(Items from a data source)
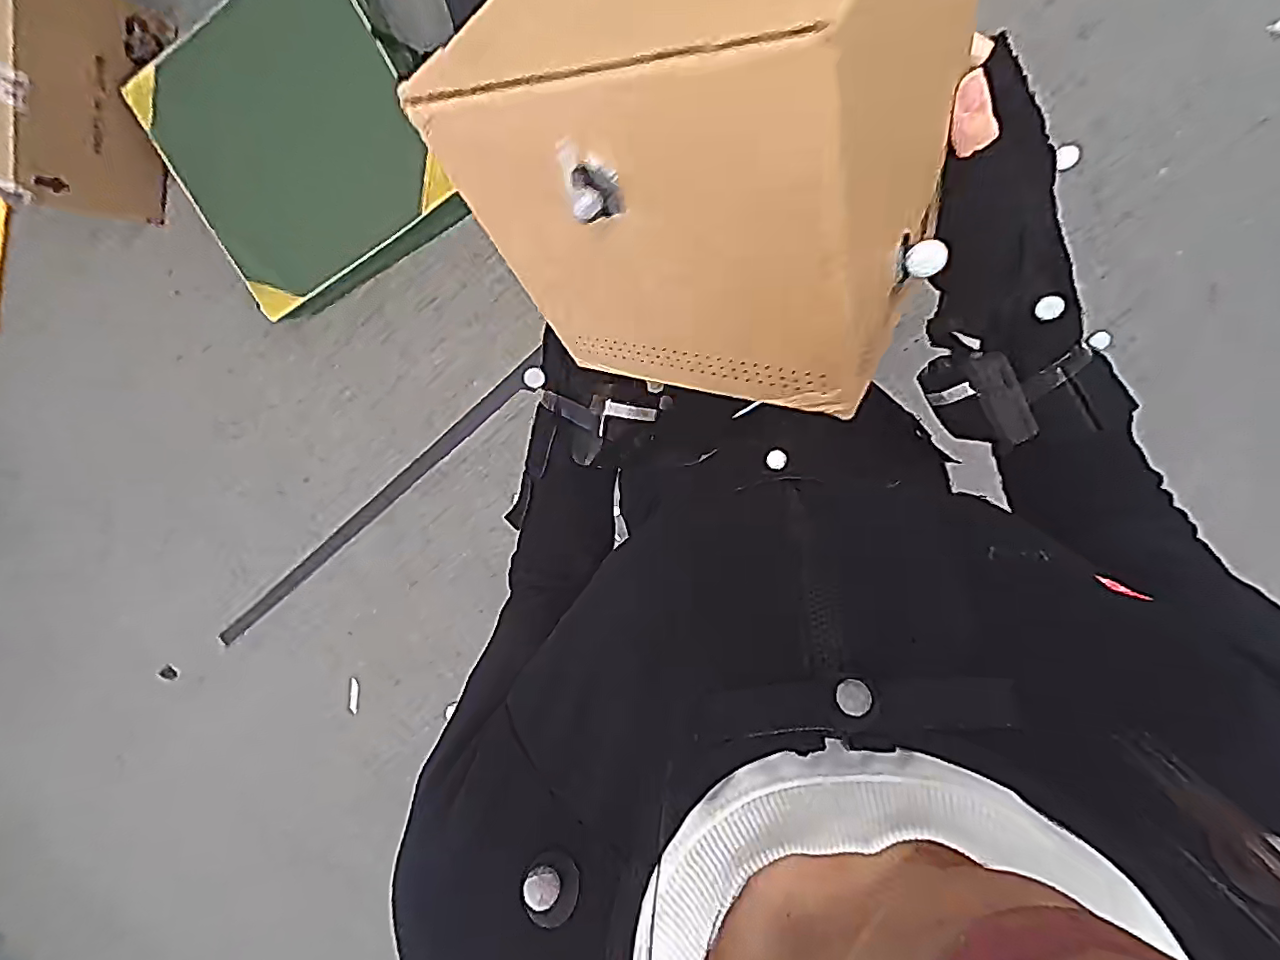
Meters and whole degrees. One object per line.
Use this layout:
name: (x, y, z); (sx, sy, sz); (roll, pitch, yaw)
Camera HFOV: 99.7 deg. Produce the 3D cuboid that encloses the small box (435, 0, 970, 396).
small box: (0.046, -0.163, 0.273); (0.179, 0.176, 0.168); (18, 69, 30)

DIRECTIONS -> Write out exactly the final stretch of the records: the line containing "Camera HFOV: 99.7" and every line after it, through the last, and nothing else.

SOLVED PROBLEM ->
Camera HFOV: 99.7 deg. Produce the 3D cuboid that encloses the small box (435, 0, 970, 396).
small box: (0.046, -0.163, 0.273); (0.179, 0.176, 0.168); (18, 69, 30)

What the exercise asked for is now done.